Monthly Archives: March 2014

Theatrecorp and a Question of Technique.

Theatrecorp, which specialises in World Theatre Classics and adaptations is now planning its next production. Go to the link of Theatrecorp on this page to read something of the company history.

When Theatrecorp produced its seventh show, MEASURE FOR MEASURE, last year, it was the first show we had done where the show was created using the Chekhov Technique as the main plank of the rehearsal process. When I say this, I do not mean to say that it was the only way we created the work, but that it was the main theatrical language we used. In fact, I actually excluded very talented people who had had no experience with the Chekhov work, so keen was I to follow this through and use it as a directing process. The first week of this process is well documented in the Michael Chekhov Association  newsletter 2014 which you can access by going to their website http://www.michaelchekhov.org so I am not going to go into too much detail here about the nuts and bolts journey of that initial exploration.
What are the drawbacks of using one technique? Might this be restrictive ? I would argue that all techniques have within them certain dangers when they are too solely and too rigorously applied, especially in ensembles where any inherent dangers in the technique are thereby multiplied by the practitioners. However, on the ‘plus’ side, one technique gives a company a basic common language with which to work, putting everyone on the same page and hopefully making powerful work.If you truly believe that theatre is a group endeavour, a technique common to all, at least in part, can only be positive.

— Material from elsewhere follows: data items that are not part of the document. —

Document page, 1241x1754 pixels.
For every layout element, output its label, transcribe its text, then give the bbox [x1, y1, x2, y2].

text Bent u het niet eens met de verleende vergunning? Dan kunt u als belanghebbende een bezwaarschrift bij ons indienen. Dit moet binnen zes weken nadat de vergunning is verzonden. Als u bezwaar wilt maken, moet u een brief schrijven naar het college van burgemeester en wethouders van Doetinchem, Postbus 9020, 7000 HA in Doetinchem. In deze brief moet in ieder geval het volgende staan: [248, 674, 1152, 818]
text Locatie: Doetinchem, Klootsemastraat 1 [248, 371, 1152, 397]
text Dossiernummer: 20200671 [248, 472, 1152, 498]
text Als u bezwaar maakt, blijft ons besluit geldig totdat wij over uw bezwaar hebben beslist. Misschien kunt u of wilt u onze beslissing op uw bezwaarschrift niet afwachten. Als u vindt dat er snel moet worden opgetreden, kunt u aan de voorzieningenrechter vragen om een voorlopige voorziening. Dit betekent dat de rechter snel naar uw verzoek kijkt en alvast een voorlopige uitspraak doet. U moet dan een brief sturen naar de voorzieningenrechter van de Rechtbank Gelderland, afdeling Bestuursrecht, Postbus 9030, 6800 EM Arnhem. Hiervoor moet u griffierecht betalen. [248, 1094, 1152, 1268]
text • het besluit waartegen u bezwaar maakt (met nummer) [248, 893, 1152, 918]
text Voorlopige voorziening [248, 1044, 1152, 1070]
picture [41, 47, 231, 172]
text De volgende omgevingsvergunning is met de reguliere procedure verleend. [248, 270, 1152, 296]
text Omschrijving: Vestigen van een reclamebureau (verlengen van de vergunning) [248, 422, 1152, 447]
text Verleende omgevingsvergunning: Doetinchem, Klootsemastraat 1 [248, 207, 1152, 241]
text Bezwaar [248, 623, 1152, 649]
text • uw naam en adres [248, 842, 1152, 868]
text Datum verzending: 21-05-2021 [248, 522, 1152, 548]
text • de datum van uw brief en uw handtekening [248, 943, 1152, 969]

Of course , everyone brings their own background and training to any play so that one technique and ensemble is also enriched by the sensibility, training and focus of every person in the room.

Professionally, however, this diversity is often a free-for-all in journeyman productions when actors and director collaborate for only one production,(a common scenario as we all know) because friction can arise through the different working processes of the director and the different actors. I can always remember one actor raging at another in a full rehearsal room ‘ I do not use your fucking technique,and don’t try and make me!’

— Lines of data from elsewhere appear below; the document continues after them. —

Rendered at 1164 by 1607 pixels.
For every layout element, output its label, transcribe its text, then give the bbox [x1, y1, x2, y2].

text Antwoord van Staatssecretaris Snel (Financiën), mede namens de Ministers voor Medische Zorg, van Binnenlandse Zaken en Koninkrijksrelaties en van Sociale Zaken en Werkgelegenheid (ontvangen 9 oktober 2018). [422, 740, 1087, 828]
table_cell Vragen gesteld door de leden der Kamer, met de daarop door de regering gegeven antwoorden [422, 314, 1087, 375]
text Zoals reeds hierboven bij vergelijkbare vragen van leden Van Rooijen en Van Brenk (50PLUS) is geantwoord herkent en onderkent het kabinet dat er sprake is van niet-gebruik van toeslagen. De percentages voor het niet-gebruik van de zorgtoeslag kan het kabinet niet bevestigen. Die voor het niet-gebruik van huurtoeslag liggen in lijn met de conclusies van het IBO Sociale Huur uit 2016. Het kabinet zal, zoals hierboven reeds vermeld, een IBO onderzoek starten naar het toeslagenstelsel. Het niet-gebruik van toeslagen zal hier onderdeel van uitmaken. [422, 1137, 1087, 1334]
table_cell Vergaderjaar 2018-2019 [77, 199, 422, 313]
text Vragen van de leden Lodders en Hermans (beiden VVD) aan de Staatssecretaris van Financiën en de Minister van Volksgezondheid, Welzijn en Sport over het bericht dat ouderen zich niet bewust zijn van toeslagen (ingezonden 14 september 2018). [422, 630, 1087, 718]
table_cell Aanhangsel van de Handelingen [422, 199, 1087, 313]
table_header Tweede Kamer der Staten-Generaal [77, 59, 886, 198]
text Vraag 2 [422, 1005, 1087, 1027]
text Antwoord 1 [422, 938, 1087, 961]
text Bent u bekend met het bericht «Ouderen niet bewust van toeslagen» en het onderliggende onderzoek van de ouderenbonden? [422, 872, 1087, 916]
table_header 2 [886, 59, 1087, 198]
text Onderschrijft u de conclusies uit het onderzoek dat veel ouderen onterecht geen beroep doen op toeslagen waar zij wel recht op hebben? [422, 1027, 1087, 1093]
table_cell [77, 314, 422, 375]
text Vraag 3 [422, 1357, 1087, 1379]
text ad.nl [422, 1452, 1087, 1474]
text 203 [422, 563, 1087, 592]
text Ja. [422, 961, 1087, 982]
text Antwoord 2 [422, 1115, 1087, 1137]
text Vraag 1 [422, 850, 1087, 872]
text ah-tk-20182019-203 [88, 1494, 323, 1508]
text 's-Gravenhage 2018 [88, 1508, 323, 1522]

As an aside, when I was auditioning actors in London, it was often possible to tell where a person had been trained from the way they performed their audition pieces. This is how profoundly technique and training affects your work. This might sound a bit grandiose, but it is very true that acting techniques are very much philosophies which are not just about how they ask us to look at theatre but how to look and react to the world in which we live.

For me, many method-type processes are by their very nature, inward-looking, ego-driven and materialist. They are very craft-driven, with the ‘actor’s tool box’, very much to do with being an effective worker in ‘the business’. Chekhov is much more concerned with the mystery of creation, and a refusal to simply reproduce photographic representations of ‘real life’. He also asserts the status of the actor as a creative artist, as opposed to an interpretive one.

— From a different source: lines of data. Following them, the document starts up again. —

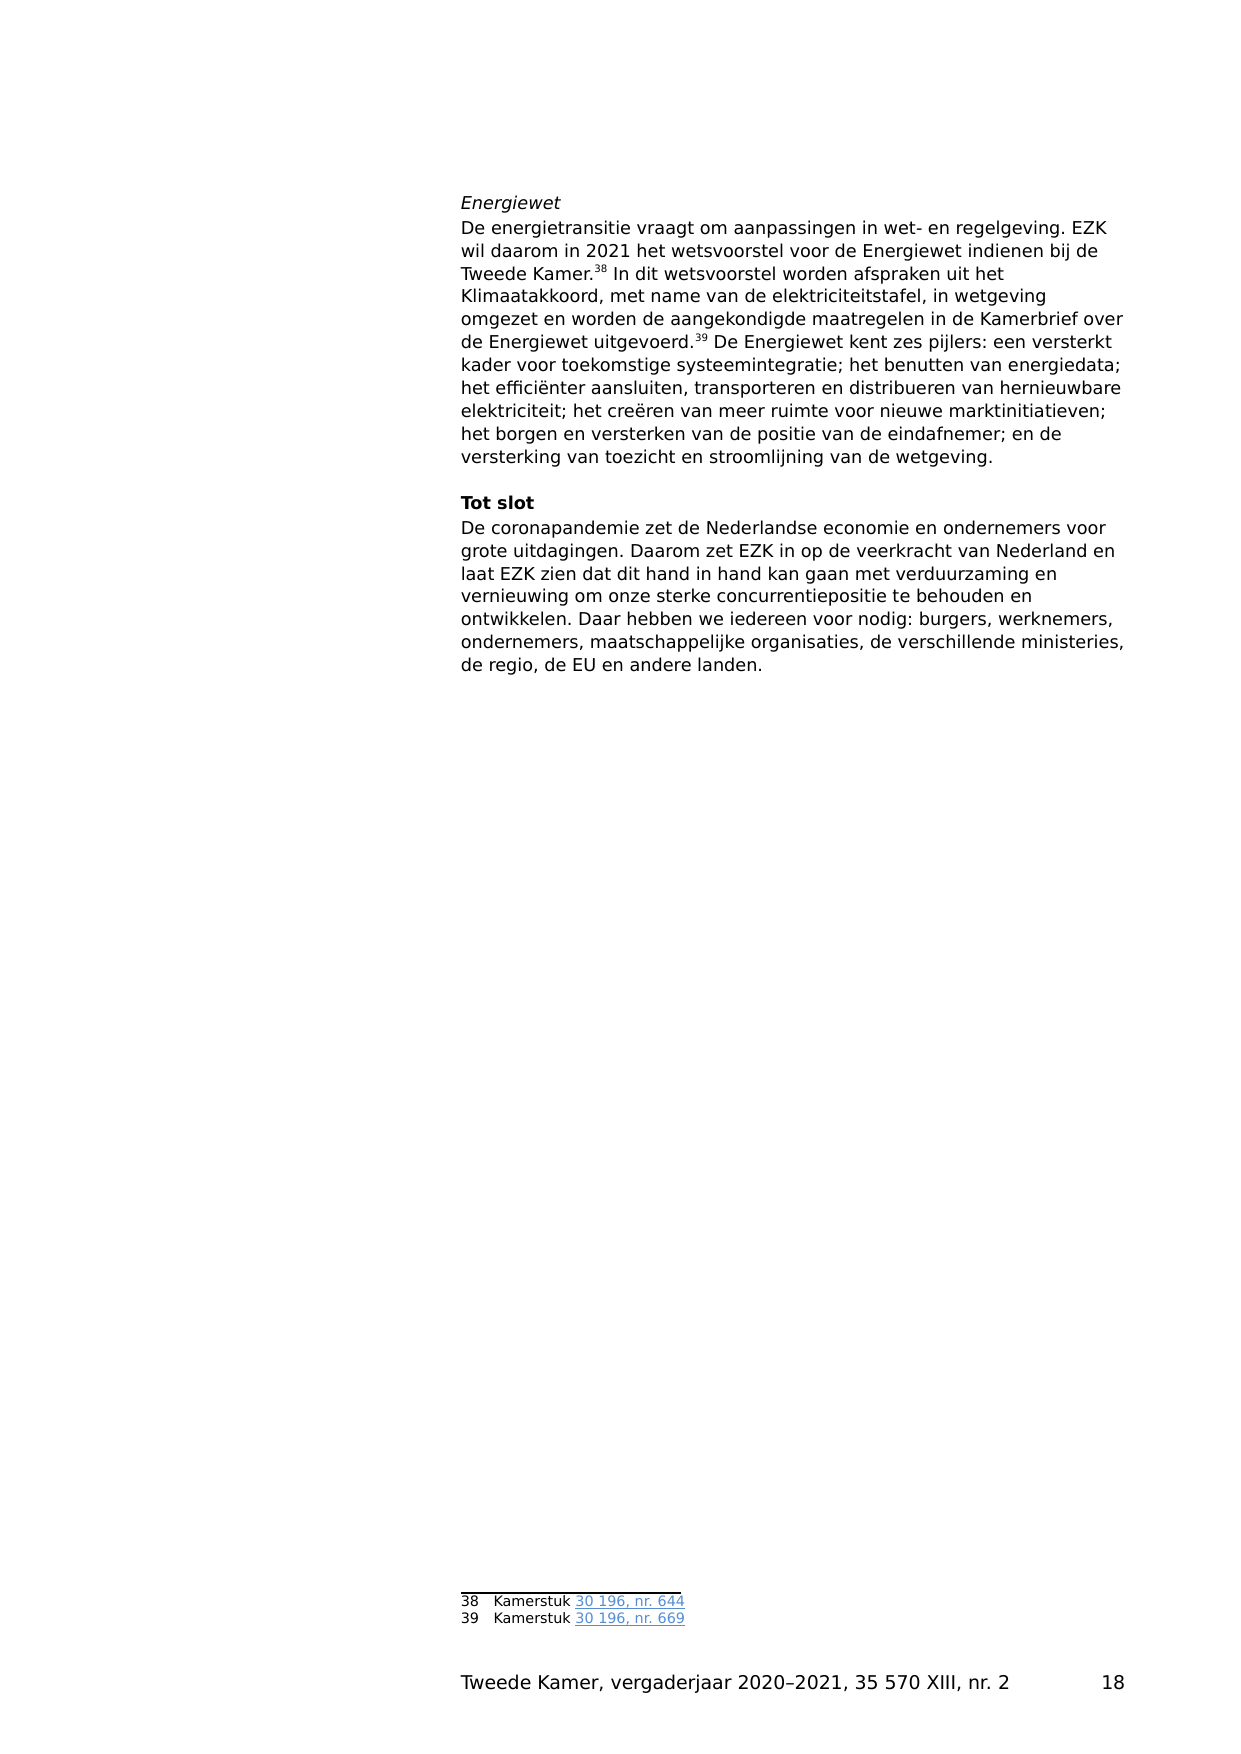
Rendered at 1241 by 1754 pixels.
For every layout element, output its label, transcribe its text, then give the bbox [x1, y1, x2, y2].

text Tot slot [461, 491, 1125, 514]
text __Kamerstuk 30 196, nr. 644 [461, 1593, 1125, 1610]
text __Kamerstuk 30 196, nr. 669 [461, 1610, 1125, 1627]
text De coronapandemie zet de Nederlandse economie en ondernemers voor grote uitdagingen. Daarom zet EZK in op de veerkracht van Nederland en laat EZK zien dat dit hand in hand kan gaan met verduurzaming en vernieuwing om onze sterke concurrentiepositie te behouden en ontwikkelen. Daar hebben we iedereen voor nodig: burgers, werknemers, ondernemers, maatschappelijke organisaties, de verschillende ministeries, de regio, de EU en andere landen. [461, 516, 1125, 676]
text Energiewet [461, 191, 1125, 214]
text De energietransitie vraagt om aanpassingen in wet- en regelgeving. EZK wil daarom in 2021 het wetsvoorstel voor de Energiewet indienen bij de Tweede Kamer. In dit wetsvoorstel worden afspraken uit het Klimaatakkoord, met name van de elektriciteitstafel, in wetgeving omgezet en worden de aangekondigde maatregelen in de Kamerbrief over de Energiewet uitgevoerd. De Energiewet kent zes pijlers: een versterkt kader voor toekomstige systeemintegratie; het benutten van energiedata; het efficiënter aansluiten, transporteren en distribueren van hernieuwbare elektriciteit; het creëren van meer ruimte voor nieuwe marktinitiatieven; het borgen en versterken van de positie van de eindafnemer; en de versterking van toezicht en stroomlijning van de wetgeving. [461, 216, 1125, 468]

As a director, the principal focus Chekhov offers to me is the shape of a production through his work on composition, exploring themes and polarities and working with atmosphere. Because Chekhov believed that atmosphere, was the ‘oxygen of a performance’ in which the characters lived and told their stories, to explore these general atmospheres thoroughly can only really be done through an ensemble which uses the technique. Exploring these atmospheres thereby gives a ‘score’ for the play, which all the participants can share as they work on their roles. This score can be alarmingly and magically  different to any conceptions I as a director may have had at the start. And for me, that magic, for which I mean transformation, is what makes this way of working so special, producing surprising artistic choices.

 

Connecting the Voice to the Imagination

I write this after running a Voice workshop In Galway this last weekend. It always gives me the greatest joy to watch, as people start to connect their bodies, voices, imaginations and feelings. To realise how the tensions in their bodies can be melted with imagination, how the breath really is the fuel of the body, how life is all about radiating and receiving energy from one to the other, how words have energy and a direction of their own, before we even embark upon character, and how learning can be much more visceral than when writing an essay or passing an exam. As we worked on a chorus from Thebans,a retelling of the Oedipus/Antigone story, by  Liz Lochead, soon to be visiting Galway for the Cuirt Literature Festival, we found wonderful moments of power .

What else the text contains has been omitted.